» **Prompt**:
Where does the word "angles" show up in the data? Please find each such line and copy it.

» **Input records**:
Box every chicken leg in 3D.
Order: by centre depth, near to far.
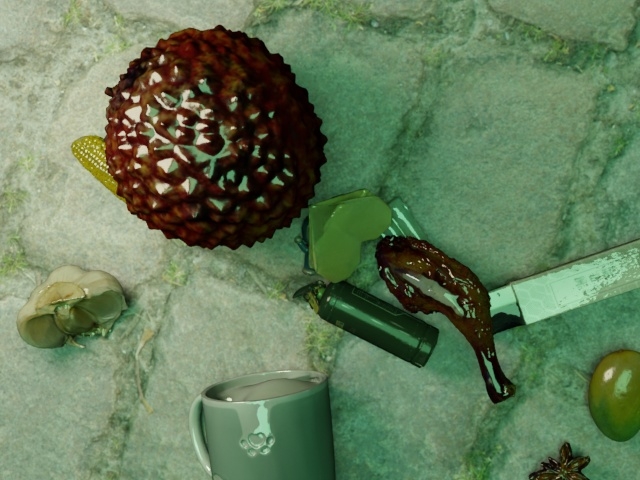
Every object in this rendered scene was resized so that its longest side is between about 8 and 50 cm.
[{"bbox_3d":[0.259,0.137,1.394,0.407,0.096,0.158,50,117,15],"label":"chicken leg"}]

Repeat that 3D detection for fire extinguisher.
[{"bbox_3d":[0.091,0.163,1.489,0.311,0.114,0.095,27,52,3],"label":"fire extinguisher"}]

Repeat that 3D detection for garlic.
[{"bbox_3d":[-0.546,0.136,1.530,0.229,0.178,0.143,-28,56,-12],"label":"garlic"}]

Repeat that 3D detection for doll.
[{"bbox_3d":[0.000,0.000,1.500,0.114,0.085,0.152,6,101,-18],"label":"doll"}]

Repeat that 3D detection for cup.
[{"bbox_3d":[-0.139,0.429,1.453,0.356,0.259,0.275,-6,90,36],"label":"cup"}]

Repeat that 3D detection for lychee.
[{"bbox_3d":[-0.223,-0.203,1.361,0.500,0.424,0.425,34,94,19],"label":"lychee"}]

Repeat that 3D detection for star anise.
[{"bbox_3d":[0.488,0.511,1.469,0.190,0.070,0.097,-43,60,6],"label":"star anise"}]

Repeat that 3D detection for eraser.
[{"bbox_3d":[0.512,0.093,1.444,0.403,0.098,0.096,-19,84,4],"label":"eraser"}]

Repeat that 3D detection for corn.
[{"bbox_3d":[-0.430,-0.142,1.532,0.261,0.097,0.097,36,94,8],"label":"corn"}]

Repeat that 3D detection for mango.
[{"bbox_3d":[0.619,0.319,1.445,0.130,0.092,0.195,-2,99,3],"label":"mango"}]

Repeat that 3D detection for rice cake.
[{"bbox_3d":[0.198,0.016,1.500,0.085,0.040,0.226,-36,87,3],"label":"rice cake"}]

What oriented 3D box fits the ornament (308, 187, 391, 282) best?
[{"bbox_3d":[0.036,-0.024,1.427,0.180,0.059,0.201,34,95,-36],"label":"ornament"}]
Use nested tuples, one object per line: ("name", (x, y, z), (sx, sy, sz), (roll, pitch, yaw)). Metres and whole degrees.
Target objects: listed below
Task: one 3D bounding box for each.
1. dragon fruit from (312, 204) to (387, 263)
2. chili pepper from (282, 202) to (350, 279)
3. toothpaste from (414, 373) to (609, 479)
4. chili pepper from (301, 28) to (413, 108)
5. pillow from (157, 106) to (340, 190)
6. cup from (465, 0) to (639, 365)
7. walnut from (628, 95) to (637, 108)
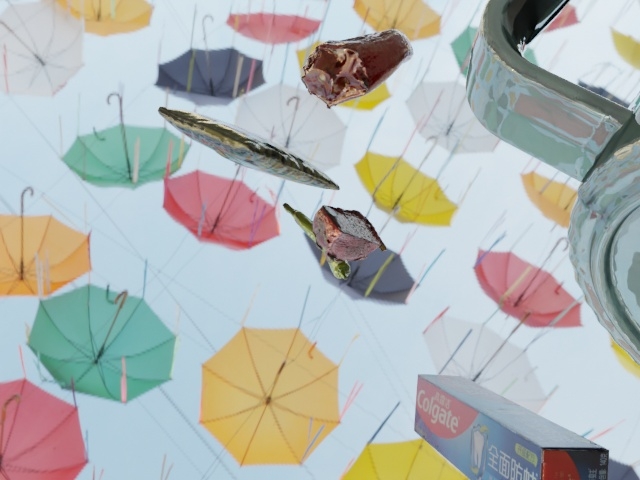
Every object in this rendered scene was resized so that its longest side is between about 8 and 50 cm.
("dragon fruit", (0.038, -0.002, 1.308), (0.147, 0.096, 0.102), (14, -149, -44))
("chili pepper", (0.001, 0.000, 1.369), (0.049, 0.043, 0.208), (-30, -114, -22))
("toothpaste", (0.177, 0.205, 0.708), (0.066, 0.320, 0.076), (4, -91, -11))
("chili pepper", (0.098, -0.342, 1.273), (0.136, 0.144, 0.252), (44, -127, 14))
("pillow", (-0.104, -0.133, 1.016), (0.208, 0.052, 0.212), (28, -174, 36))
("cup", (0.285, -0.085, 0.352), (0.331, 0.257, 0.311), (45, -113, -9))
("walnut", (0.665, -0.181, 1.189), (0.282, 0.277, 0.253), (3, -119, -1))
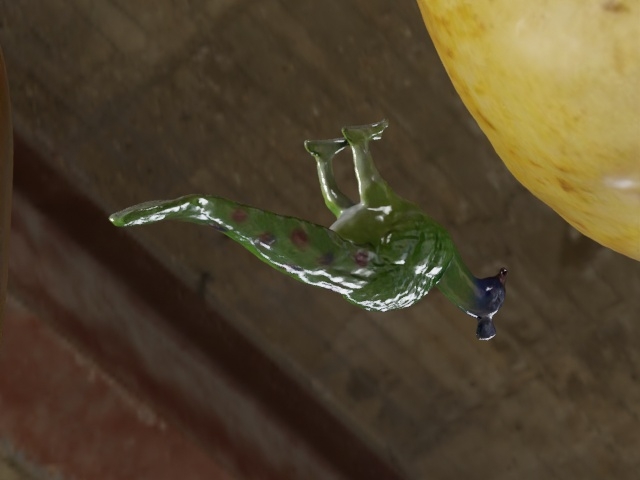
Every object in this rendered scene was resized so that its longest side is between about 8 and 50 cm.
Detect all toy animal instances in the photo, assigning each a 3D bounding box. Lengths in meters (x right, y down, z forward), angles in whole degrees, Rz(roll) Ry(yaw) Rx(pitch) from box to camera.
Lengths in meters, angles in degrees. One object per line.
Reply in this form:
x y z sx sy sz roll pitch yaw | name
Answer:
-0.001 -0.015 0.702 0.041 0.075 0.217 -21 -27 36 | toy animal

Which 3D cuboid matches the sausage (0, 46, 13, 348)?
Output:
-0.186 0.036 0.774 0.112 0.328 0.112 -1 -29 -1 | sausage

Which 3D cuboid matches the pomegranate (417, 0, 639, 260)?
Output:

» **Your response**:
Detect all toy animal instances in the photo, assigning each a 3D bounding box. Lengths in meters (x right, y down, z forward), angles in whole degrees, Rz(roll) Ry(yaw) Rx(pitch) from box to camera.
Lengths in meters, angles in degrees. One object per line.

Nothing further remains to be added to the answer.